As a convenience when using passphrases, you can use an SSH-AGENT to save you repetitive passphrase entry. Notice this login (and all subsequent logins until reboot) will automatically handle the passphrase prompt for you.

# ssh-add ~/.ssh/mineos
Enter passphrase for .ssh/mineos: 
Identity added: .ssh/mineos (for root@mineos)

$ ssh -i ~/.ssh/mineos root@10.137.0.12
Welcome to Mineos-tkldev, TurnKey GNU/Linux 14.0 / TurnKey 9.13 Stretch

Linux mineos-tkldev 4.9.0-16-amd64 #1 SMP Debian 4.9.272-1 (2021-06-21) x86_64
You have new mail.
Last login: Fri Jul  2 20:06:55 2021 from 10.137.0.14

USING SSH USER CONFIG

Finally, you can simplify the connection process by making all attempts to a host always use a given identity file.
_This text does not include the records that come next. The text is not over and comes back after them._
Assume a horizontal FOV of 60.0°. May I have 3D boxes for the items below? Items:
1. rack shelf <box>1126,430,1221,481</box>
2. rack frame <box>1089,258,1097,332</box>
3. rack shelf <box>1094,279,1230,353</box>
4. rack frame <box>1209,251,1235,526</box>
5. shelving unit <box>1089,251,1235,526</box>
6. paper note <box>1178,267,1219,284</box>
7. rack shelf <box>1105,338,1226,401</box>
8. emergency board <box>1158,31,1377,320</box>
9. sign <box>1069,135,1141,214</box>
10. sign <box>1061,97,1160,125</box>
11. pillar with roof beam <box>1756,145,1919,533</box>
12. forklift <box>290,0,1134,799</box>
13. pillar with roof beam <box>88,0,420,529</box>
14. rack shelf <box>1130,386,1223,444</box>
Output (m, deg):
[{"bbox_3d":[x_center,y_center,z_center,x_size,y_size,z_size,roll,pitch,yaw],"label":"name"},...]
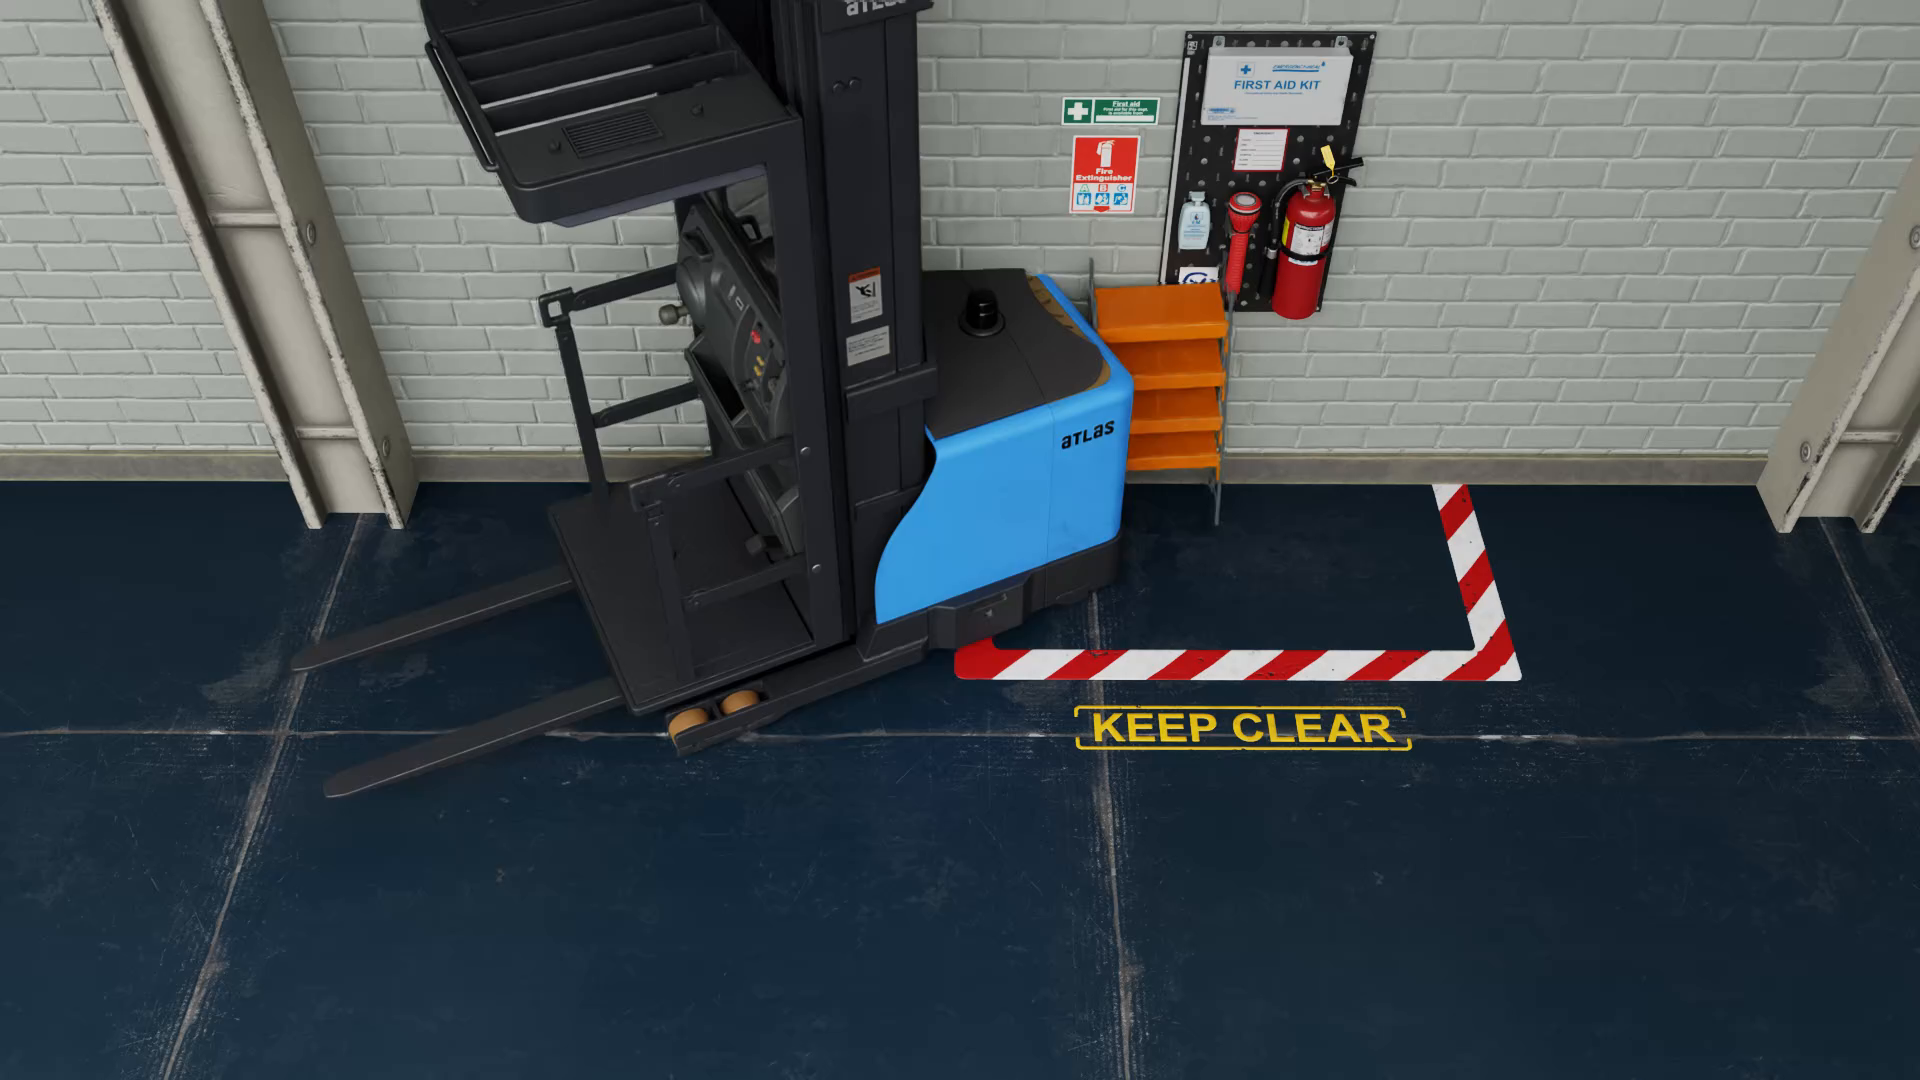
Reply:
[{"bbox_3d":[0.781,-0.364,6.627,0.480,0.148,0.258,-3,47,3],"label":"rack shelf"},{"bbox_3d":[0.520,-0.536,6.445,0.015,1.200,0.240,-3,47,3],"label":"rack frame"},{"bbox_3d":[0.738,-0.816,6.149,0.480,0.148,0.258,-3,47,3],"label":"rack shelf"},{"bbox_3d":[1.007,-0.558,6.422,0.015,1.200,0.240,-3,47,3],"label":"rack frame"},{"bbox_3d":[0.764,-0.547,6.434,0.503,1.200,0.258,-3,47,3],"label":"shelving unit"},{"bbox_3d":[0.885,-0.951,6.188,0.142,0.148,0.016,0,47,0],"label":"paper note"},{"bbox_3d":[0.754,-0.654,6.320,0.480,0.148,0.258,-3,47,3],"label":"rack shelf"},{"bbox_3d":[1.062,-1.200,5.818,0.643,1.169,0.194,0,47,0],"label":"emergency board"},{"bbox_3d":[0.509,-1.289,5.877,0.234,0.329,0.001,0,47,0],"label":"sign"},{"bbox_3d":[0.514,-1.463,5.677,0.331,0.109,0.001,0,47,0],"label":"sign"},{"bbox_3d":[3.517,-0.058,0.657,0.400,9.000,9.100,0,47,0],"label":"pillar with roof beam"},{"bbox_3d":[-0.928,-0.673,5.374,3.031,2.935,1.130,-19,50,-17],"label":"forklift"},{"bbox_3d":[-2.483,-0.075,0.672,0.400,9.000,9.100,0,47,0],"label":"pillar with roof beam"},{"bbox_3d":[0.768,-0.500,6.483,0.480,0.148,0.258,-3,47,3],"label":"rack shelf"}]

Add the following content (adjust as necessary) to ~/.ssh/config:

Host 10.137.0.12
        User root
        IdentityFile ~/.ssh/mineos
        Port 22

Now, login with only the IP and notice it automatically uses your config to determine the identify file and intended user root:

$ ssh 10.137.0.12
Welcome to Mineos-tkldev, TurnKey GNU/Linux 14.0 / TurnKey 9.13 Stretch

Linux mineos-tkldev 4.9.0-16-amd64 #1 SMP Debian 4.9.272-1 (2021-06-21) x86_64
You have new mail.
Last login: Fri Jul  2 20:16:57 2021 from 10.137.0.14
root@mineos-tkldev ~# 

Conclusion

Cryptographic keys help reduce danger by eliminating the need to type passwords on foreign, potentially compromised hosts. It also greatly reduces attack surface by making unauthorized logins nearly impossible. In conjunction with other sshd security functions and firewalls, sshd can live peacefully and securely on your host.